### EXERCISE
Exactly reproduce the data from its first line through the line with "table_cell Estatal [662, 299, 722, 315]", leaving out every line after it.

[Records drawn from a dataset]
---*---

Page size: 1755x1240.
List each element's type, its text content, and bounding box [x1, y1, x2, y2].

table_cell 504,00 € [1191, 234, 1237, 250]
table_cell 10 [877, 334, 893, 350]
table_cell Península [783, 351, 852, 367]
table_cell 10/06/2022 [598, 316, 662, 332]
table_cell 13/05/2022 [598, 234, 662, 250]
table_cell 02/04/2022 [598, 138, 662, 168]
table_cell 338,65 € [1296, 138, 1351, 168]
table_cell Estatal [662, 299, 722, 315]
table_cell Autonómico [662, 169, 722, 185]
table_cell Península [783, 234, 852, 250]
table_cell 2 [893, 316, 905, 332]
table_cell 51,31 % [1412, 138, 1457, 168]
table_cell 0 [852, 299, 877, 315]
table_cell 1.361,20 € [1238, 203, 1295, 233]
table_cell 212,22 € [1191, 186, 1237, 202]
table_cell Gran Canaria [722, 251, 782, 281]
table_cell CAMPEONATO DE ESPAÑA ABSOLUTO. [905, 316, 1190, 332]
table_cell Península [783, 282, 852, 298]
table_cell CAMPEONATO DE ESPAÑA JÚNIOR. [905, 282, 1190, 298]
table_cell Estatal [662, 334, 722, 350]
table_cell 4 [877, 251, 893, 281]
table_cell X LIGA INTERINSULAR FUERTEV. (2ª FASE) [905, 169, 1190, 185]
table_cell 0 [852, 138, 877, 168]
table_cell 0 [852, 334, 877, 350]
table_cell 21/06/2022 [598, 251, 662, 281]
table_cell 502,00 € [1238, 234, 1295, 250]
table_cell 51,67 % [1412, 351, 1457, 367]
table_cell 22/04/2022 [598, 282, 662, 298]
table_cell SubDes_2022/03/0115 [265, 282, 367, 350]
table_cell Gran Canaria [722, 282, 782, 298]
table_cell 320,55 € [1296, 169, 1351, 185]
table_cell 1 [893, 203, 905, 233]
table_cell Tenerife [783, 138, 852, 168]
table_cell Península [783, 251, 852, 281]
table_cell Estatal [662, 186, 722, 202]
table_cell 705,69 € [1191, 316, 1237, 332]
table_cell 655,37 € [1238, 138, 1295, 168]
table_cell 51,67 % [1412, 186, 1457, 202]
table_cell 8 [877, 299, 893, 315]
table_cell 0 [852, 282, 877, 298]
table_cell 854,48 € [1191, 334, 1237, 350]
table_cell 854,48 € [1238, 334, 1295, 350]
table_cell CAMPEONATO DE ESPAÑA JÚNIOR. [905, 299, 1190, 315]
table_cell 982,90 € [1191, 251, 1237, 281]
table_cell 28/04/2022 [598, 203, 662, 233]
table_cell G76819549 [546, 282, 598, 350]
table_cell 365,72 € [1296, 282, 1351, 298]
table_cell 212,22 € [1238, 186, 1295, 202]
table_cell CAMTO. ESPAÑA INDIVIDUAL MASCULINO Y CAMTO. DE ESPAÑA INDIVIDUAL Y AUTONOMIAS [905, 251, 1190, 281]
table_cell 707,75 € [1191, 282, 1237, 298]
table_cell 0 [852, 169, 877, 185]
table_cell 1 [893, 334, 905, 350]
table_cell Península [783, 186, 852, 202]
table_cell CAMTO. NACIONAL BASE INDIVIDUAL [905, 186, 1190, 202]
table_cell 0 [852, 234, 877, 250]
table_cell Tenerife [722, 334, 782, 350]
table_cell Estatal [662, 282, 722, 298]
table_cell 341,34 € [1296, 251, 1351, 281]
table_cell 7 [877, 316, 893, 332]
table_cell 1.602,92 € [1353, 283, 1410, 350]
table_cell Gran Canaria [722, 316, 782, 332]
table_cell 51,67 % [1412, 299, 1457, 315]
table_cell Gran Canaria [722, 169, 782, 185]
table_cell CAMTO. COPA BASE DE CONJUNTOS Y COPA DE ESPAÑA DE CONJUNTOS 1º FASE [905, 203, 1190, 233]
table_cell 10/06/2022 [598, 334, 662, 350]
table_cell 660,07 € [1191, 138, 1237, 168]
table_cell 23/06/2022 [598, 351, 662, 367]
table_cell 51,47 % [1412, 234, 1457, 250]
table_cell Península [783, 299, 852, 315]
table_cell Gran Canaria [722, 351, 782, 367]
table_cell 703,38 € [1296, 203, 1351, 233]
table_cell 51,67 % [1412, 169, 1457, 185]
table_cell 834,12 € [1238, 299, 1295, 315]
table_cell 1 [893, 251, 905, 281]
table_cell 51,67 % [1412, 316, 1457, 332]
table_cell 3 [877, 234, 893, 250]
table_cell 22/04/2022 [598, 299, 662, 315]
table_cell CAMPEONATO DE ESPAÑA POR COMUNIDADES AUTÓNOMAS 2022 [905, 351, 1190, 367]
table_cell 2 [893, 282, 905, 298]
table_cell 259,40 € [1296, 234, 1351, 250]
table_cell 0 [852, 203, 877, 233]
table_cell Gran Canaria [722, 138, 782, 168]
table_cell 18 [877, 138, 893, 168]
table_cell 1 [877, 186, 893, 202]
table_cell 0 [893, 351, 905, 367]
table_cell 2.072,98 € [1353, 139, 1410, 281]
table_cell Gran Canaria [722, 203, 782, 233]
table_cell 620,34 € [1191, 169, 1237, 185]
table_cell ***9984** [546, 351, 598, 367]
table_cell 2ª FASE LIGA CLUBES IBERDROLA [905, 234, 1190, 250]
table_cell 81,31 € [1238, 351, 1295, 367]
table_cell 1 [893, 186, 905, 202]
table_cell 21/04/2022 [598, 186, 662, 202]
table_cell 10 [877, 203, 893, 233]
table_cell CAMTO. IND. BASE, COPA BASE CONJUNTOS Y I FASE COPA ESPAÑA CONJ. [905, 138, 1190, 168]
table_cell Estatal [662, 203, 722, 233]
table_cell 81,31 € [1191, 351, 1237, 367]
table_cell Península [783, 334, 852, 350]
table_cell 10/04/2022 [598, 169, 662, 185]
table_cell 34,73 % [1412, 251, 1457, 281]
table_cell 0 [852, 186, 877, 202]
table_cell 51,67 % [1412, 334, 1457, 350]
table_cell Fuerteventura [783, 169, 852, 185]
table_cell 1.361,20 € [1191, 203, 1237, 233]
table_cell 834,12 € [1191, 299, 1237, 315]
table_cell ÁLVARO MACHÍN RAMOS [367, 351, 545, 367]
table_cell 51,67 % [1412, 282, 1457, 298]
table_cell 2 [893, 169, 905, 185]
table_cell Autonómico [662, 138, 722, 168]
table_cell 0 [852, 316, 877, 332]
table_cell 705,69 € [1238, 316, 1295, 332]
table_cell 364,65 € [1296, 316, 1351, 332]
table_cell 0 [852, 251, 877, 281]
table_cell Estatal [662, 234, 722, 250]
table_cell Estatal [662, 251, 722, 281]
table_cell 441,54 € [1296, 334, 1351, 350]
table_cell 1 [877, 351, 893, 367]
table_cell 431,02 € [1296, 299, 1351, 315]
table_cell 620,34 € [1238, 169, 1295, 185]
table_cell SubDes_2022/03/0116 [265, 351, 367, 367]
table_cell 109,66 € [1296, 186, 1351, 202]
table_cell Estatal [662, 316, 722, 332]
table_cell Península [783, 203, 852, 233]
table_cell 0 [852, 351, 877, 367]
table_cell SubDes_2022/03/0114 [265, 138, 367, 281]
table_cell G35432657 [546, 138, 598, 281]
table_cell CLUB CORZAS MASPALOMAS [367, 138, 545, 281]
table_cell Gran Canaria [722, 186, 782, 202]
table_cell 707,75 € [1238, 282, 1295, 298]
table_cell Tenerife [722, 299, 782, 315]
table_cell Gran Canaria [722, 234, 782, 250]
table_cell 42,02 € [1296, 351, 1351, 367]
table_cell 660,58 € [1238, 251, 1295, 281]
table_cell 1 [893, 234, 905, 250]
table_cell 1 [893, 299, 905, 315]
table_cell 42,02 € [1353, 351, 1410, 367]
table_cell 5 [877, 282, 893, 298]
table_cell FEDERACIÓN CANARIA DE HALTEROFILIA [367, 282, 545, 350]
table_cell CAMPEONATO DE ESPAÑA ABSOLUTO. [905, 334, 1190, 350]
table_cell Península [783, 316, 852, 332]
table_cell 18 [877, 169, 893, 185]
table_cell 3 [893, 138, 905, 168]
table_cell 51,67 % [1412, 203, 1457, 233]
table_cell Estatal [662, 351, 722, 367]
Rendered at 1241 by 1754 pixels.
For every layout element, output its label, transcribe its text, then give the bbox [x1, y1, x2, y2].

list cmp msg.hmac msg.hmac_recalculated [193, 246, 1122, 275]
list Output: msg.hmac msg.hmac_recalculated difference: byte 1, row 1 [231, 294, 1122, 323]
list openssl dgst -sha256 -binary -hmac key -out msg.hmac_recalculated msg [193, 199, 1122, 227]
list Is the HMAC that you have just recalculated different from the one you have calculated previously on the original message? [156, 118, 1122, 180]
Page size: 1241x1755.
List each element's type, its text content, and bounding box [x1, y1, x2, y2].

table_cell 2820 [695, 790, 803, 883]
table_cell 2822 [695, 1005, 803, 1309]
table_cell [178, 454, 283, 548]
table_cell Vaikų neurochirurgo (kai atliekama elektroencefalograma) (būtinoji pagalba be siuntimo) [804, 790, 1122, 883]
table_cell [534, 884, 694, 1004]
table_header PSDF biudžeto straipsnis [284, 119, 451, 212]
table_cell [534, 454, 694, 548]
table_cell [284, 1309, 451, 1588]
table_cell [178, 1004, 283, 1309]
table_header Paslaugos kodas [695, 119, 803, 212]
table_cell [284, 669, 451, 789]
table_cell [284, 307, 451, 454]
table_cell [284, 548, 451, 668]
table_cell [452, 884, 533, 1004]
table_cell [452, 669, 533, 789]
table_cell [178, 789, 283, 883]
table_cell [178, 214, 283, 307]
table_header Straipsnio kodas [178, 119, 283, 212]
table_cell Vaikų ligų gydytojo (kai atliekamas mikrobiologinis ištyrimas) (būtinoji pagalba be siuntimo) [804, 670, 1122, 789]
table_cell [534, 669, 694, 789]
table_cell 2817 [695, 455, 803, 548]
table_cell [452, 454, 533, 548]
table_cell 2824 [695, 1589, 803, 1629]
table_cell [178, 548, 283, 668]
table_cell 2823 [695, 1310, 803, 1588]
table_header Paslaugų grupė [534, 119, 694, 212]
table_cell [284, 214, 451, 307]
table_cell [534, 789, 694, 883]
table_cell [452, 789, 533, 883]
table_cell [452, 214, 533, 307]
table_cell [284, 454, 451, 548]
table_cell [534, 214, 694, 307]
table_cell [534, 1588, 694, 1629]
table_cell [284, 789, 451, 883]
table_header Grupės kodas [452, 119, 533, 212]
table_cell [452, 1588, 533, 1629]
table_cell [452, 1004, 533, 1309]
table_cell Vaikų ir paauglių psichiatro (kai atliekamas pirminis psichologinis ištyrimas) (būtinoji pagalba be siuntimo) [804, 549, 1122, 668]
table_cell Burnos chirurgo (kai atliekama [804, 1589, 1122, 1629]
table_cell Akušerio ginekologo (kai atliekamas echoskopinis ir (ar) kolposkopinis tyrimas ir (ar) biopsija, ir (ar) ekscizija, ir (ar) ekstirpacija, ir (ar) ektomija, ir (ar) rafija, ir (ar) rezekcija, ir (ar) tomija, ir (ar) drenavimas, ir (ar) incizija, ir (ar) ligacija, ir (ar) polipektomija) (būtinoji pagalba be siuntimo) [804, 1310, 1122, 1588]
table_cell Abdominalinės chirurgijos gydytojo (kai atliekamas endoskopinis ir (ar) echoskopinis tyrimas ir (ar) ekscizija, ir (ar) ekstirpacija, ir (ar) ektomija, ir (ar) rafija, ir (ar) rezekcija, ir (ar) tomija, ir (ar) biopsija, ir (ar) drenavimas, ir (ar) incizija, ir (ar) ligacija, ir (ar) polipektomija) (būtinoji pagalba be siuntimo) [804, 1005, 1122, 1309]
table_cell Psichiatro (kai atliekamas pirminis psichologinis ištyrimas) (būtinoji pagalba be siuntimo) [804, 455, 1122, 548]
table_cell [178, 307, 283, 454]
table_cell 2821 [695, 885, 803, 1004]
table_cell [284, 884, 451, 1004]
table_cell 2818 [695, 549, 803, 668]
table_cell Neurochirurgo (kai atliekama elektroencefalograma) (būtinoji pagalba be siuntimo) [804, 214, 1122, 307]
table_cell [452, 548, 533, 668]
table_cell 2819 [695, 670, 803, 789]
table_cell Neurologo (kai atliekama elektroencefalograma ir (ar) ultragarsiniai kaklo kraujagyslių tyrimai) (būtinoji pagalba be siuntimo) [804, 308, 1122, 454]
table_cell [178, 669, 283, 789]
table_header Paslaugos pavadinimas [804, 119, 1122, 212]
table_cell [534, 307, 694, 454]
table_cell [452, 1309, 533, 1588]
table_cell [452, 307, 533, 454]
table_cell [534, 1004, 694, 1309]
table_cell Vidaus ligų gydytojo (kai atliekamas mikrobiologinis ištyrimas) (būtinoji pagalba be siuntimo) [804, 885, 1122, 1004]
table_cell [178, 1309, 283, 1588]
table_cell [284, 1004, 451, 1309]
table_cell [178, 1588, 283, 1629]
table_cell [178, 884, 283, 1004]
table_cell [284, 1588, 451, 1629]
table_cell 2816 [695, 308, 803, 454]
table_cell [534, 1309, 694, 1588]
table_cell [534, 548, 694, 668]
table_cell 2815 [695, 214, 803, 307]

---*---

### SOLUTION TO THIS TASK
Page size: 1755x1240.
List each element's type, its text content, and bounding box [x1, y1, x2, y2].

table_cell 504,00 € [1191, 234, 1237, 250]
table_cell 10 [877, 334, 893, 350]
table_cell Península [783, 351, 852, 367]
table_cell 10/06/2022 [598, 316, 662, 332]
table_cell 13/05/2022 [598, 234, 662, 250]
table_cell 02/04/2022 [598, 138, 662, 168]
table_cell 338,65 € [1296, 138, 1351, 168]
table_cell Estatal [662, 299, 722, 315]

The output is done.